• [Work to be completed]
Print, exactly as they stand, the lines from the start of the listing to the line containing "helmet,0.332,-0.121,1.882,0.252,0.184,0.321,-5,55,4", inclusive.

=== Exercise material ===

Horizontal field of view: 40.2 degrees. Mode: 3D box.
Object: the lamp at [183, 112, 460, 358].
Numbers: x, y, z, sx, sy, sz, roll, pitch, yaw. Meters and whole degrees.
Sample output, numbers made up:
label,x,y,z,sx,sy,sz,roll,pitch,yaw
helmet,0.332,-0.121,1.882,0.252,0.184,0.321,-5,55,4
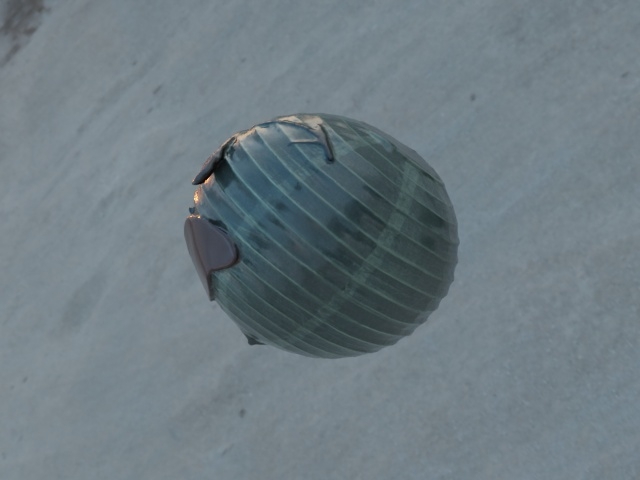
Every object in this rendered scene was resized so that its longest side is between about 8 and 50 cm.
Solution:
label,x,y,z,sx,sy,sz,roll,pitch,yaw
lamp,0.000,0.000,0.797,0.233,0.265,0.233,-6,77,26
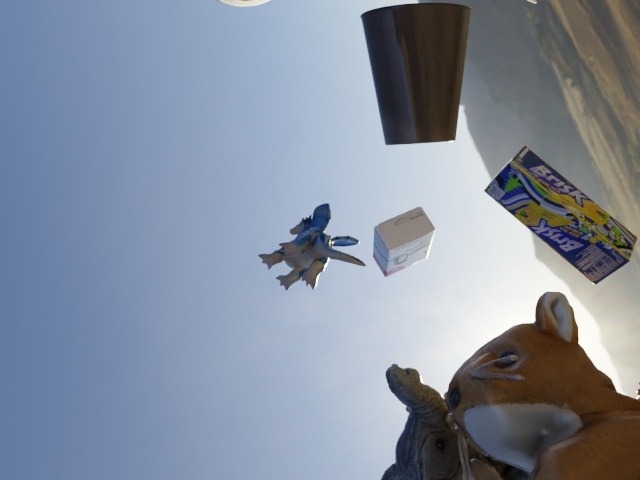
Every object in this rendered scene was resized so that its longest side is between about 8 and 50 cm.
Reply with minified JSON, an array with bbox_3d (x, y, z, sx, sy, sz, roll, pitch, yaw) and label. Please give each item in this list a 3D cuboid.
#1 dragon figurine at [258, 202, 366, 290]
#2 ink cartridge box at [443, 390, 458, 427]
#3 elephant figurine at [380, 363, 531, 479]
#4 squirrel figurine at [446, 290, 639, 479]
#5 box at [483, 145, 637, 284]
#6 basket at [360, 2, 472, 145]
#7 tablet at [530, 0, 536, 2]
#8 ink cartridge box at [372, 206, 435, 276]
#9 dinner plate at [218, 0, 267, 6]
[{"bbox_3d":[0.000,0.000,0.851,0.144,0.289,0.085,-44,-81,-27],"label":"dragon figurine"},{"bbox_3d":[0.352,0.324,0.936,0.193,0.235,0.088,-129,36,-56],"label":"ink cartridge box"},{"bbox_3d":[0.150,0.283,0.687,0.240,0.169,0.185,18,-143,-37],"label":"elephant figurine"},{"bbox_3d":[0.326,0.217,0.529,0.370,0.398,0.280,-128,34,-58],"label":"squirrel figurine"},{"bbox_3d":[0.279,-0.031,0.648,0.169,0.054,0.059,43,-135,8],"label":"box"},{"bbox_3d":[0.176,-0.287,0.989,0.154,0.205,0.226,-158,62,-68],"label":"basket"},{"bbox_3d":[0.325,-0.426,0.939,0.083,0.006,0.054,43,-146,25],"label":"tablet"},{"bbox_3d":[0.173,0.005,1.165,0.150,0.109,0.063,81,163,-65],"label":"ink cartridge box"},{"bbox_3d":[-0.108,-0.386,0.796,0.141,0.141,0.017,25,-129,-56],"label":"dinner plate"}]
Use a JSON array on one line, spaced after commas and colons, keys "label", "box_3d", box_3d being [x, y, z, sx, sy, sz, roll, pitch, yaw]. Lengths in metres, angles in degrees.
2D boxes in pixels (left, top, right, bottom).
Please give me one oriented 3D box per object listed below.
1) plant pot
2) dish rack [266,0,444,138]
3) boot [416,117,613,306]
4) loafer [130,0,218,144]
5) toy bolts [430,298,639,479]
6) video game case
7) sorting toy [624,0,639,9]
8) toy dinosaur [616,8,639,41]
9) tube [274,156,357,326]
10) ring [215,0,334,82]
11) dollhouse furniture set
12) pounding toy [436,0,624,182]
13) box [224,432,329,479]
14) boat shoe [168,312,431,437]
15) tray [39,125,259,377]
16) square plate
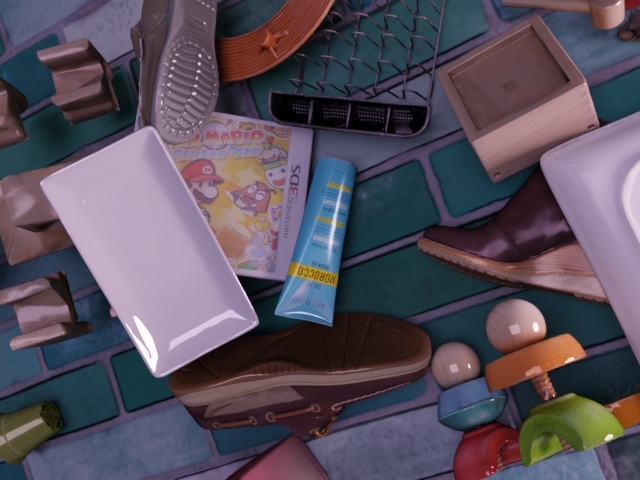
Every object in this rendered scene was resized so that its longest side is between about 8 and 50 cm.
[{"label": "plant pot", "box_3d": [-0.442, 0.284, 0.985, 0.079, 0.083, 0.083, -29, 82, 5]}, {"label": "dish rack", "box_3d": [0.056, -0.266, 0.809, 0.208, 0.074, 0.271, 10, 94, 17]}, {"label": "boot", "box_3d": [0.254, -0.047, 0.756, 0.249, 0.090, 0.206, 12, 83, 19]}, {"label": "loafer", "box_3d": [-0.184, -0.233, 0.807, 0.088, 0.094, 0.251, -8, 70, 35]}, {"label": "toy bolts", "box_3d": [0.232, 0.160, 0.731, 0.228, 0.218, 0.158, -43, 60, 46]}, {"label": "video game case", "box_3d": [-0.130, -0.061, 0.824, 0.227, 0.026, 0.206, 8, 80, -10]}, {"label": "sorting toy", "box_3d": [0.448, -0.362, 0.681, 0.366, 0.127, 0.126, -10, 58, 15]}, {"label": "toy dinosaur", "box_3d": [0.448, -0.264, 0.656, 0.118, 0.064, 0.268, 32, 133, -23]}, {"label": "tube", "box_3d": [0.000, 0.000, 0.819, 0.080, 0.052, 0.207, 15, 82, -20]}, {"label": "ring", "box_3d": [-0.108, -0.373, 0.842, 0.337, 0.032, 0.336, -4, 83, 30]}, {"label": "dollhouse furniture set", "box_3d": [-0.426, -0.025, 0.935, 0.395, 0.256, 0.361, -18, 86, -3]}, {"label": "pounding toy", "box_3d": [0.248, -0.193, 0.733, 0.206, 0.094, 0.181, -28, 50, 16]}, {"label": "box", "box_3d": [-0.075, 0.354, 0.777, 0.127, 0.232, 0.148, -38, 80, 16]}, {"label": "boat shoe", "box_3d": [-0.020, 0.186, 0.833, 0.342, 0.123, 0.123, -13, 116, 11]}, {"label": "tray", "box_3d": [-0.197, 0.016, 0.768, 0.145, 0.030, 0.270, -28, 101, -6]}, {"label": "square plate", "box_3d": [0.455, -0.005, 0.649, 0.344, 0.049, 0.347, -25, 86, 4]}]
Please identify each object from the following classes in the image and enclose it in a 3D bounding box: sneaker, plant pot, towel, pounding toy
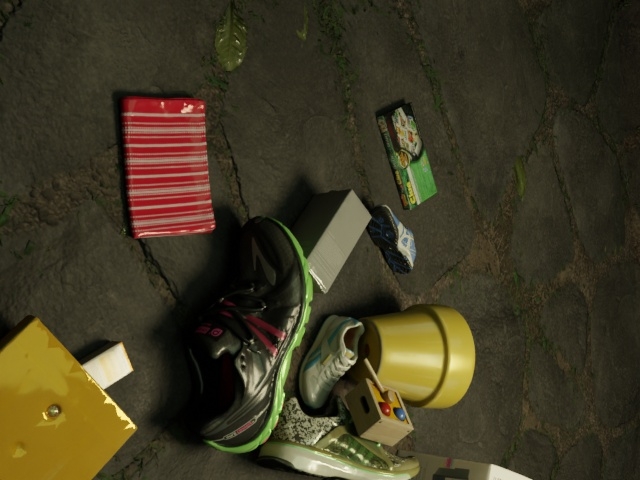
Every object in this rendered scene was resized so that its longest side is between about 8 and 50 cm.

===

• [Reply to the task]
Horizontal field of view: 40.2 degrees. Mode: 3D box.
Object: the lamp at [183, 112, 460, 358].
Numbers: x, y, z, sx, sy, sz, roll, pitch, yaw. Meters and whole degrees.
Sample output, numbers made up:
label,x,y,z,sx,sy,sz,roll,pitch,yaw
helmet,0.332,-0.121,1.882,0.252,0.184,0.321,-5,55,4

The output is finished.